= Measure of non-compactness =

In functional analysis, two measures of non-compactness are commonly used; these associate numbers to sets in such a way that compact sets all get the measure 0, and other sets get measures that are bigger according to "how far" they are removed from compactness.

The underlying idea is the following: a bounded set can be covered by a single ball of some radius. Sometimes several balls of a smaller radius can also cover the set. A compact set in fact can be covered by finitely many balls of arbitrary small radius, because it is totally bounded.
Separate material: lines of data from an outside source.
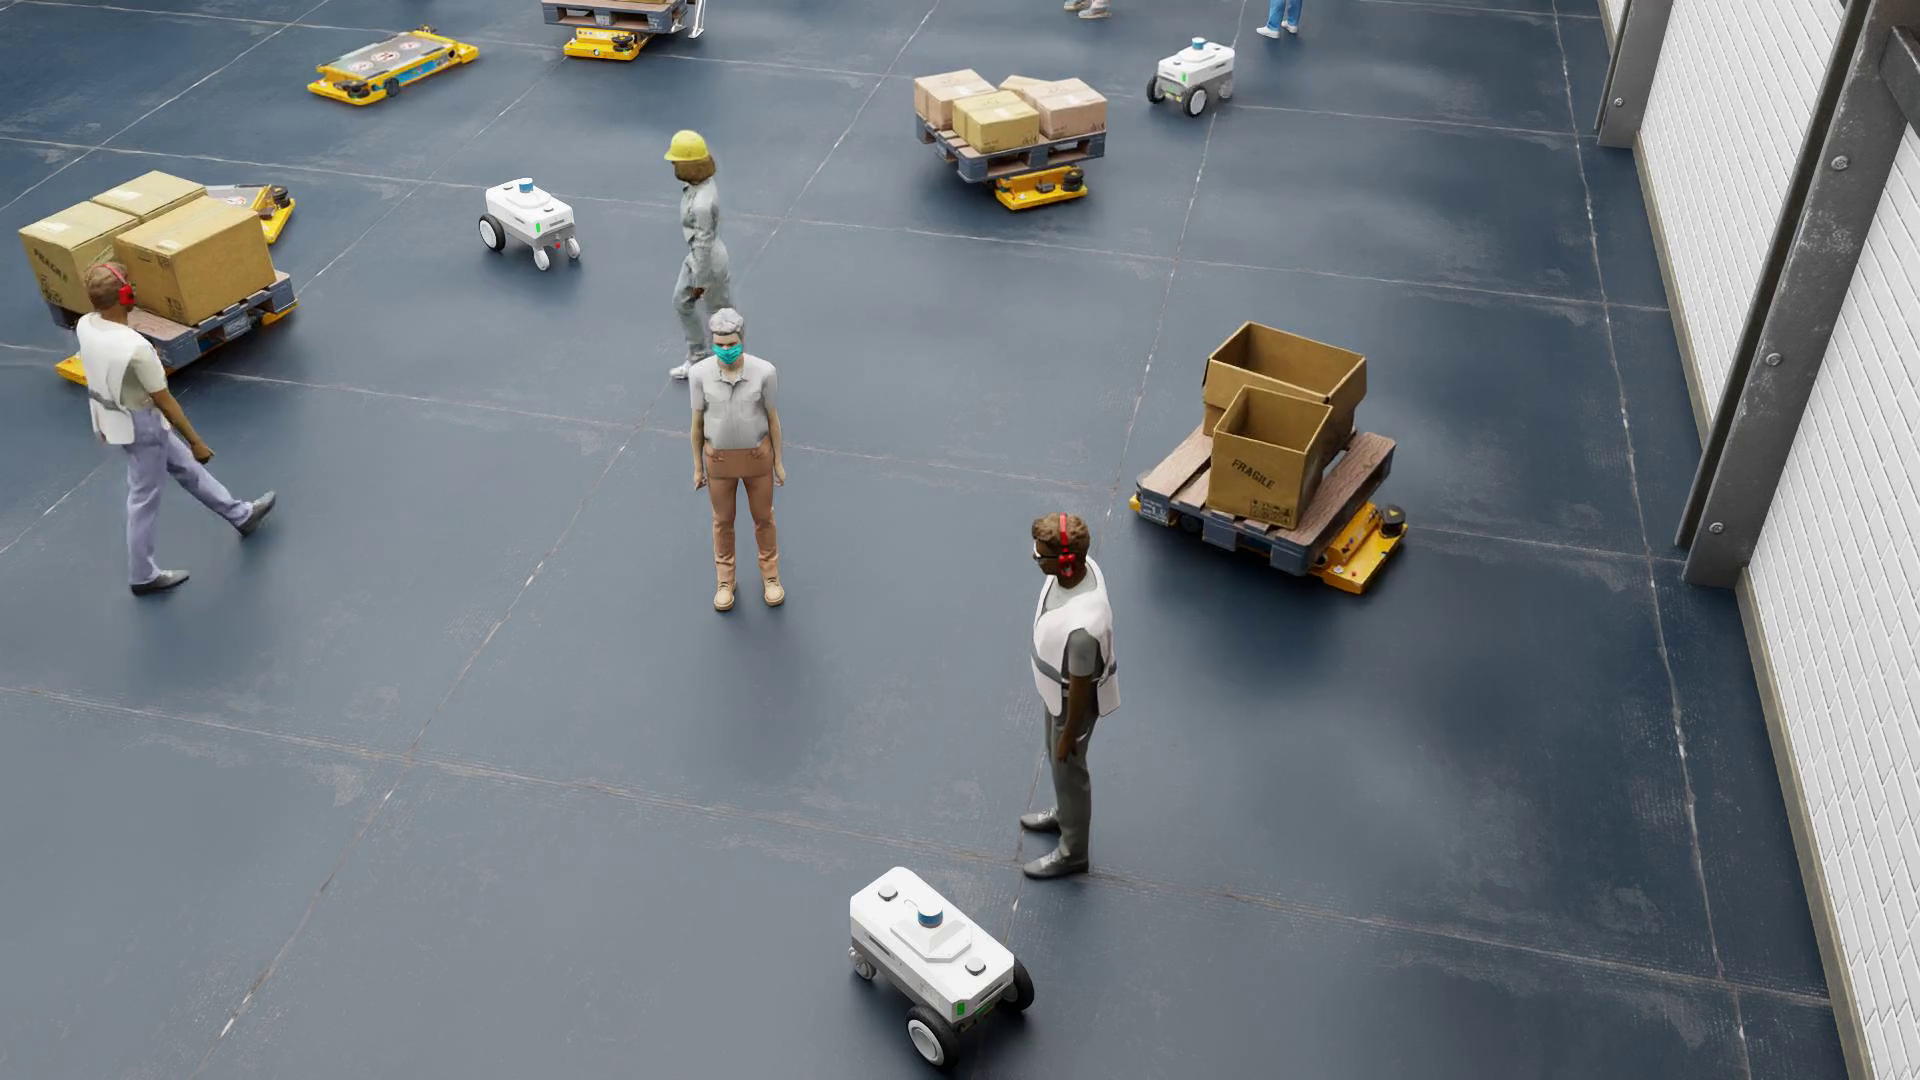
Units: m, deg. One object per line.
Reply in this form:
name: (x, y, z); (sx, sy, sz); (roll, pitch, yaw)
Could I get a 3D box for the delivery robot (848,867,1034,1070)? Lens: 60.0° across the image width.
delivery robot: (-0.102, 1.697, 6.725); (0.499, 0.614, 0.815); (-30, 46, -33)

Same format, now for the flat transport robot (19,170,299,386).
flat transport robot: (-5.210, -1.404, 11.098); (0.659, 0.231, 1.431); (19, 41, 23)

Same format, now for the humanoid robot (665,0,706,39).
humanoid robot: (-2.523, -5.471, 15.202); (0.533, 1.677, 0.735); (17, 40, 21)

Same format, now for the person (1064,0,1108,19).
person: (1.217, -5.867, 15.740); (0.536, 1.871, 0.578); (-9, 38, -12)

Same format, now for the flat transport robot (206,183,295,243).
flat transport robot: (-5.796, -2.409, 12.443); (1.431, 0.231, 0.659); (-3, 37, -3)

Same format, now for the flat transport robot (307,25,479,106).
flat transport robot: (-5.079, -4.264, 14.924); (0.659, 0.231, 1.431); (20, 41, 25)

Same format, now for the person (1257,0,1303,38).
person: (3.047, -5.540, 15.413); (0.496, 1.727, 0.366); (-21, 42, -26)

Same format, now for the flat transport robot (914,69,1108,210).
flat transport robot: (0.396, -3.039, 13.286); (0.659, 0.231, 1.431); (-16, 40, -20)

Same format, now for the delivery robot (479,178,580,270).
delivery robot: (-3.132, -2.355, 12.112); (0.747, 0.572, 0.499); (31, 46, 34)

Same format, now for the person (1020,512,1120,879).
person: (0.470, 0.657, 7.037); (0.395, 1.832, 0.570); (-2, 37, -3)

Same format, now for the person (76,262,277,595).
person: (-4.206, -0.617, 8.775); (0.974, 1.779, 0.613); (-31, 47, -34)

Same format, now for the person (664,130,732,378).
person: (-1.661, -1.693, 10.257); (0.596, 1.723, 0.505); (-9, 38, -11)

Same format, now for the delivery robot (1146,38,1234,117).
delivery robot: (2.024, -4.022, 14.367); (0.805, 0.601, 0.499); (-29, 46, -33)

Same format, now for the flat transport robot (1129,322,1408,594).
flat transport robot: (1.748, -0.168, 9.443); (1.431, 0.231, 0.659); (22, 42, 27)

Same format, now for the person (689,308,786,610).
person: (-1.136, -0.407, 8.528); (0.473, 1.747, 0.320); (-5, 37, -6)

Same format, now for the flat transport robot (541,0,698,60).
flat transport robot: (-3.175, -4.906, 15.784); (0.659, 0.231, 1.431); (8, 37, 10)

So one could ask: what is the smallest radius that allows to cover the set with finitely many balls?

Formally, we start with a metric space M and a subset X. The ball measure of non-compactness is defined as
α(X) = inf {r > 0 : there exist finitely many balls of radius r which cover X}
and the Kuratowski measure of non-compactness is defined as
β(X) = inf {d > 0 : there exist finitely many sets of diameter at most d which cover X}

Since a ball of radius r has diameter at most 2r, we have α(X) ≤ β(X) ≤ 2α(X).

The two measures α and β share many properties, and we will use γ in the sequel to denote either one of them. Here is a collection of facts:
- X is bounded if and only if γ(X) < ∞.
- γ(X) = γ(X^{cl}), where X^{cl} denotes the closure of X.
- If X is compact, then γ(X) = 0. Conversely, if γ(X) = 0 and X is complete, then X is compact.
- γ(X ∪ Y) = max(γ(X), γ(Y)) for any two subsets X and Y.
- γ is continuous with respect to the Hausdorff distance of sets.
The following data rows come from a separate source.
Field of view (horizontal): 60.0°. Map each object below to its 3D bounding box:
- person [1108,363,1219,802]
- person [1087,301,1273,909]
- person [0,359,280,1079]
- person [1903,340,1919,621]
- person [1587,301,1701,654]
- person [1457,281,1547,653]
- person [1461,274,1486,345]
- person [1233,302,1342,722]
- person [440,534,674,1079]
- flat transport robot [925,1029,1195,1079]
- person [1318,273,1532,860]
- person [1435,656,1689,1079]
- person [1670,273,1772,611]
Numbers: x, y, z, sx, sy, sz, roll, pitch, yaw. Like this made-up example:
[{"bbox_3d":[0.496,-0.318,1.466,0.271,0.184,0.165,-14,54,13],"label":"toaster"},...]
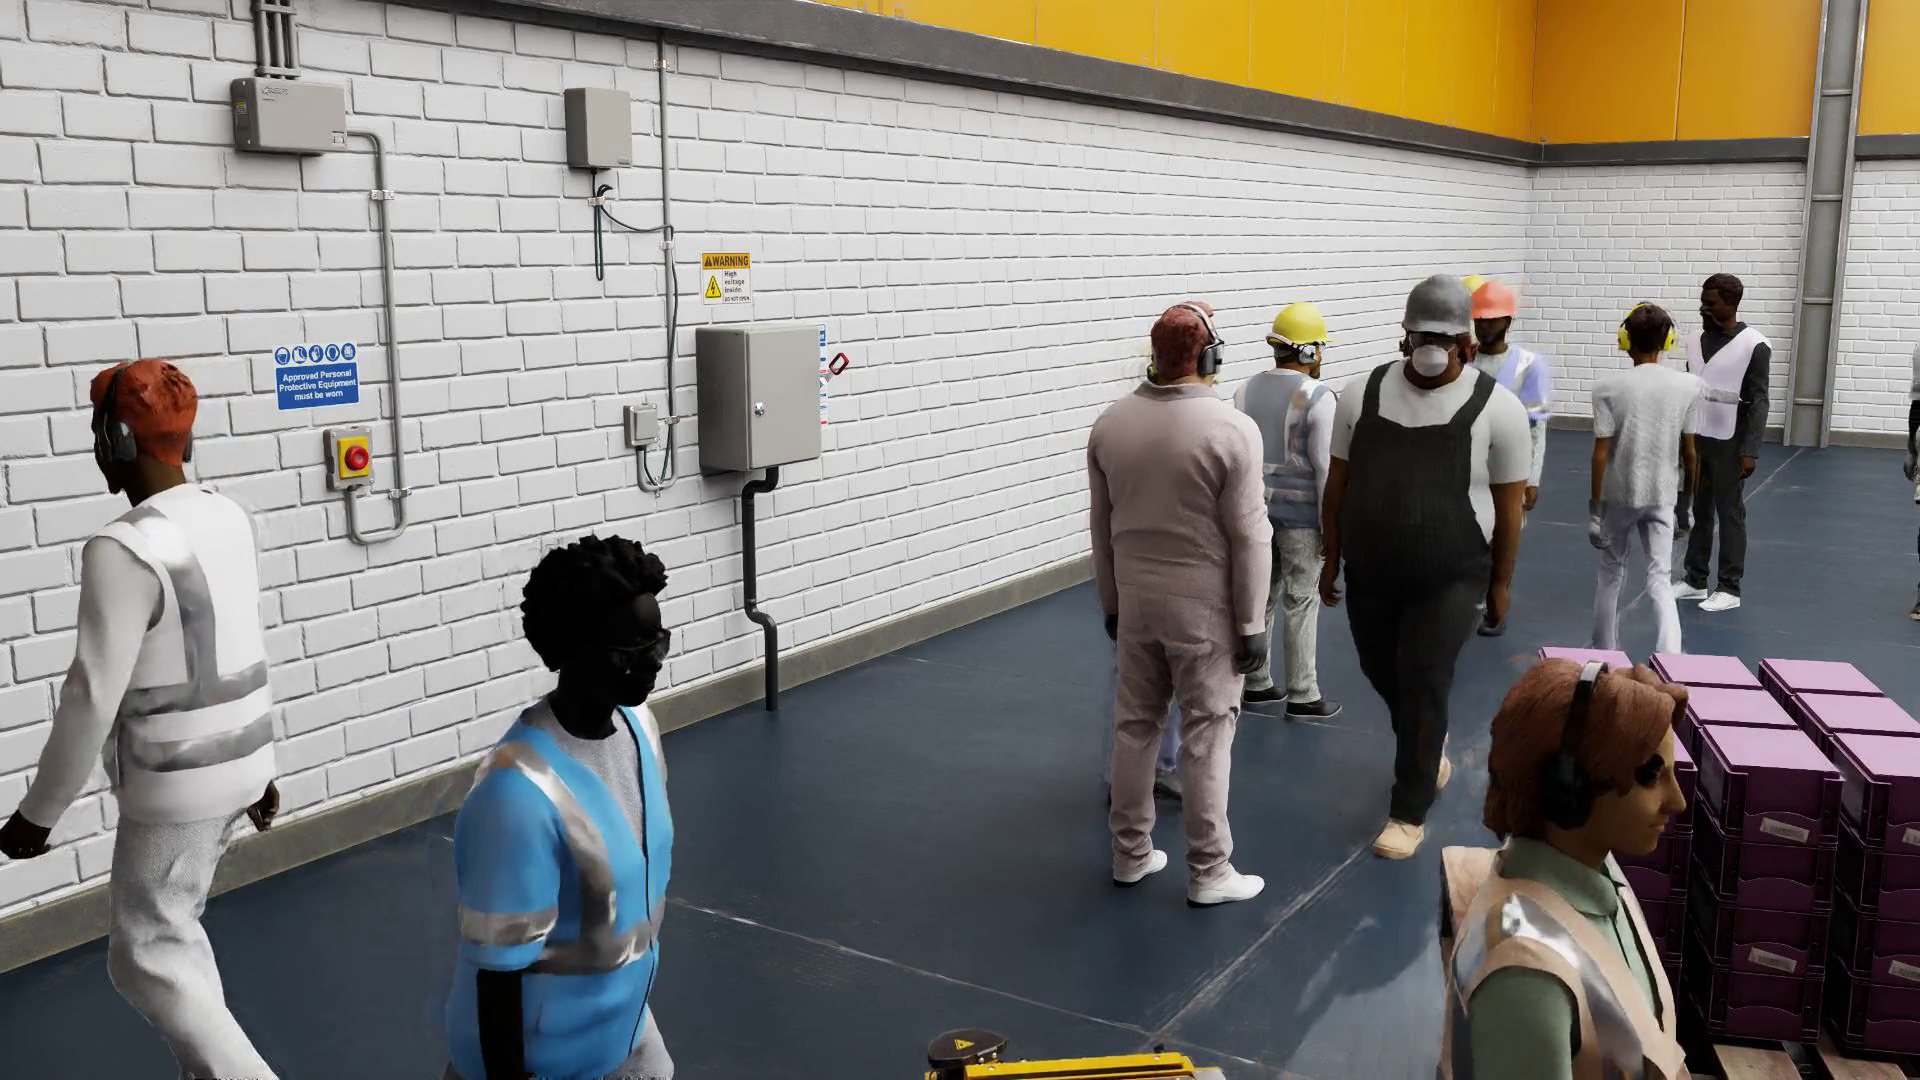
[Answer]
[{"bbox_3d":[0.745,0.132,6.129,0.453,1.743,0.561,-5,11,-26],"label":"person"},{"bbox_3d":[0.714,0.207,5.282,0.641,1.913,0.407,9,13,40],"label":"person"},{"bbox_3d":[-1.676,0.550,3.643,0.588,1.874,0.593,0,10,-1],"label":"person"},{"bbox_3d":[5.631,-0.533,9.306,0.805,1.943,0.611,-10,14,-43],"label":"person"},{"bbox_3d":[3.136,-0.173,7.630,0.522,1.836,0.928,2,10,9],"label":"person"},{"bbox_3d":[2.701,-0.371,8.548,0.565,1.882,0.975,6,12,30],"label":"person"},{"bbox_3d":[3.988,-1.162,13.079,0.591,1.834,0.404,8,13,39],"label":"person"},{"bbox_3d":[1.460,-0.121,7.315,0.404,1.832,0.597,-7,12,-33],"label":"person"},{"bbox_3d":[-0.685,0.800,2.720,0.800,1.651,0.551,2,10,12],"label":"person"},{"bbox_3d":[0.327,1.379,3.330,0.652,0.197,1.431,-1,10,-7],"label":"flat transport robot"},{"bbox_3d":[1.658,0.023,5.940,0.695,2.000,0.932,7,12,34],"label":"person"},{"bbox_3d":[0.686,0.925,2.141,0.779,1.608,0.526,6,12,28],"label":"person"},{"bbox_3d":[4.340,-0.558,9.507,0.370,1.915,0.597,-3,11,-18],"label":"person"}]

Measures of non-compactness are most commonly used if M is a normed vector space. In this case, we have in addition:
- γ(aX) = |a| γ(X) for any scalar a
- γ(X + Y) ≤ γ(X) + γ(Y)
- γ(conv(X)) = γ(X), where conv(X) denotes the convex hull of X

Note that these measures of non-compactness are useless for subsets of Euclidean space R^{n}: by the Heine–Borel theorem, every bounded closed set is compact there, which means that γ(X) = 0 or ∞ according to whether X is bounded or not.

Measures of non-compactness are however useful in the study of infinite-dimensional Banach spaces, for example. In this context, one can prove that any ball B of radius r has α(B) = r and β(B) = 2r.